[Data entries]
•••••

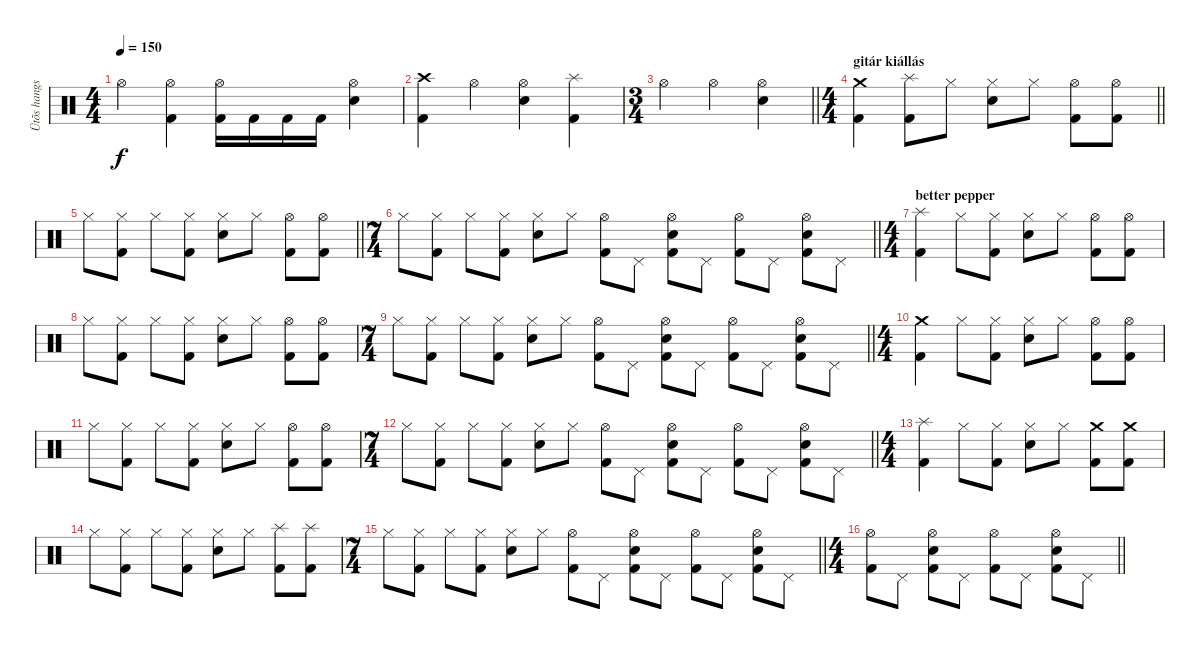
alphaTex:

\track ("Ütõs hangszer" "Ütõs hangs") {instrument percussion}
\staff {score}
\articulation defaults
\ts (4 4)
\tempo 150
\clef neutral
\ks c "Hi-Hat (open)".4{dy f}
("Hi-Hat (open)" "Kick (hit) 2").4 ("Hi-Hat (open)" "Kick (hit) 2").16 "Kick (hit) 2".16 "Kick (hit) 2".16 "Kick (hit) 2".16 ("Hi-Hat (open)" "Electric Snare (hit)").4 |
("Crash high (hit)" "Kick (hit) 2").4 "Hi-Hat (open)".4 ("Hi-Hat (open)" "Electric Snare (hit)").4 ("Splash (hit)" "Kick (hit) 2").4 |
\ts (3 4)
\barLineRight lightlight "Hi-Hat (open)".4 "Hi-Hat (open)".4
("Hi-Hat (open)" "Electric Snare (hit)").4 |
\ts (4 4)
\section ("" "gitár kiállás")
\barLineRight lightlight
("Crash medium (hit)" "Kick (hit) 2").4 ("Splash (hit)" "Kick (hit) 2").8 "Hi-Hat (closed)".8 ("Hi-Hat (closed)" "Electric Snare (hit)").8 "Hi-Hat (closed)".8 ("Hi-Hat (open)" "Kick (hit) 2").8 ("Hi-Hat (open)" "Kick (hit) 2").8 |
\barLineRight lightlight "Hi-Hat (closed)".8
("Hi-Hat (closed)" "Kick (hit) 2").8 "Hi-Hat (closed)".8 ("Hi-Hat (closed)" "Kick (hit) 2").8 ("Hi-Hat (closed)" "Electric Snare (hit)").8 "Hi-Hat (closed)".8 ("Hi-Hat (open)" "Kick (hit) 2").8 ("Hi-Hat (open)" "Kick (hit) 2").8 |
\ts (7 4)
\barLineRight lightlight "Hi-Hat (closed)".8
("Hi-Hat (closed)" "Kick (hit) 2").8 "Hi-Hat (closed)".8 ("Hi-Hat (closed)" "Kick (hit) 2").8 ("Hi-Hat (closed)" "Electric Snare (hit)").8 "Hi-Hat (closed)".8 ("Hi-Hat (open)" "Kick (hit) 2").8 "Pedal Hi-Hat (hit)".8 ("Hi-Hat (open)" "Electric Snare (hit)" "Kick (hit) 2").8 "Pedal Hi-Hat (hit)".8 ("Hi-Hat (open)" "Kick (hit) 2").8 "Pedal Hi-Hat (hit)".8 ("Hi-Hat (open)" "Electric Snare (hit)" "Kick (hit) 2").8 "Pedal Hi-Hat (hit)".8 |
\ts (4 4)
\section ("" "better pepper")
("Splash (hit)" "Kick (hit) 2").4 "Hi-Hat (closed)".8 ("Hi-Hat (closed)" "Kick (hit) 2").8 ("Hi-Hat (closed)" "Electric Snare (hit)").8 "Hi-Hat (closed)".8 ("Hi-Hat (open)" "Kick (hit) 2").8 ("Hi-Hat (open)" "Kick (hit) 2").8 |
"Hi-Hat (closed)".8 ("Hi-Hat (closed)" "Kick (hit) 2").8 "Hi-Hat (closed)".8 ("Hi-Hat (closed)" "Kick (hit) 2").8 ("Hi-Hat (closed)" "Electric Snare (hit)").8 "Hi-Hat (closed)".8 ("Hi-Hat (open)" "Kick (hit) 2").8 ("Hi-Hat (open)" "Kick (hit) 2").8 |
\ts (7 4)
\barLineRight lightlight "Hi-Hat (closed)".8
("Hi-Hat (closed)" "Kick (hit) 2").8 "Hi-Hat (closed)".8 ("Hi-Hat (closed)" "Kick (hit) 2").8 ("Hi-Hat (closed)" "Electric Snare (hit)").8 "Hi-Hat (closed)".8 ("Hi-Hat (open)" "Kick (hit) 2").8 "Pedal Hi-Hat (hit)".8 ("Hi-Hat (open)" "Electric Snare (hit)" "Kick (hit) 2").8 "Pedal Hi-Hat (hit)".8 ("Hi-Hat (open)" "Kick (hit) 2").8 "Pedal Hi-Hat (hit)".8 ("Hi-Hat (open)" "Electric Snare (hit)" "Kick (hit) 2").8 "Pedal Hi-Hat (hit)".8 |
\ts (4 4)
("Crash medium (hit)" "Kick (hit) 2").4 "Hi-Hat (closed)".8 ("Hi-Hat (closed)" "Kick (hit) 2").8 ("Hi-Hat (closed)" "Electric Snare (hit)").8 "Hi-Hat (closed)".8 ("Hi-Hat (open)" "Kick (hit) 2").8 ("Hi-Hat (open)" "Kick (hit) 2").8 |
"Hi-Hat (closed)".8 ("Hi-Hat (closed)" "Kick (hit) 2").8 "Hi-Hat (closed)".8 ("Hi-Hat (closed)" "Kick (hit) 2").8 ("Hi-Hat (closed)" "Electric Snare (hit)").8 "Hi-Hat (closed)".8 ("Hi-Hat (open)" "Kick (hit) 2").8 ("Hi-Hat (open)" "Kick (hit) 2").8 |
\ts (7 4)
\barLineRight lightlight "Hi-Hat (closed)".8
("Hi-Hat (closed)" "Kick (hit) 2").8 "Hi-Hat (closed)".8 ("Hi-Hat (closed)" "Kick (hit) 2").8 ("Hi-Hat (closed)" "Electric Snare (hit)").8 "Hi-Hat (closed)".8 ("Hi-Hat (open)" "Kick (hit) 2").8 "Pedal Hi-Hat (hit)".8 ("Hi-Hat (open)" "Electric Snare (hit)" "Kick (hit) 2").8 "Pedal Hi-Hat (hit)".8 ("Hi-Hat (open)" "Kick (hit) 2").8 "Pedal Hi-Hat (hit)".8 ("Hi-Hat (open)" "Electric Snare (hit)" "Kick (hit) 2").8 "Pedal Hi-Hat (hit)".8 |
\ts (4 4)
("Splash (hit)" "Kick (hit) 2").4 "Hi-Hat (closed)".8 ("Hi-Hat (closed)" "Kick (hit) 2").8 ("Hi-Hat (closed)" "Electric Snare (hit)").8 "Hi-Hat (closed)".8 ("Crash medium (hit)" "Kick (hit) 2").8 ("Crash medium (hit)" "Kick (hit) 2").8 |
"Hi-Hat (closed)".8 ("Hi-Hat (closed)" "Kick (hit) 2").8 "Hi-Hat (closed)".8 ("Hi-Hat (closed)" "Kick (hit) 2").8 ("Hi-Hat (closed)" "Electric Snare (hit)").8 "Hi-Hat (closed)".8 ("Splash (hit)" "Kick (hit) 2").8 ("Splash (hit)" "Kick (hit) 2").8 |
\ts (7 4)
\barLineRight lightlight "Hi-Hat (closed)".8
("Hi-Hat (closed)" "Kick (hit) 2").8 "Hi-Hat (closed)".8 ("Hi-Hat (closed)" "Kick (hit) 2").8 ("Hi-Hat (closed)" "Electric Snare (hit)").8 "Hi-Hat (closed)".8 ("Hi-Hat (open)" "Kick (hit) 2").8 "Pedal Hi-Hat (hit)".8 ("Hi-Hat (open)" "Electric Snare (hit)" "Kick (hit) 2").8 "Pedal Hi-Hat (hit)".8 ("Hi-Hat (open)" "Kick (hit) 2").8 "Pedal Hi-Hat (hit)".8 ("Hi-Hat (open)" "Electric Snare (hit)" "Kick (hit) 2").8 "Pedal Hi-Hat (hit)".8 |
\ts (4 4)
\barLineRight lightlight
("Hi-Hat (open)" "Kick (hit) 2").8 "Pedal Hi-Hat (hit)".8 ("Hi-Hat (open)" "Electric Snare (hit)" "Kick (hit) 2").8 "Pedal Hi-Hat (hit)".8 ("Hi-Hat (open)" "Kick (hit) 2").8 "Pedal Hi-Hat (hit)".8 ("Hi-Hat (open)" "Electric Snare (hit)" "Kick (hit) 2").8 "Pedal Hi-Hat (hit)".8

•••••

Copy from the entries only those lines that hold the word "section".

\section ("" "gitár kiállás")
\section ("" "better pepper")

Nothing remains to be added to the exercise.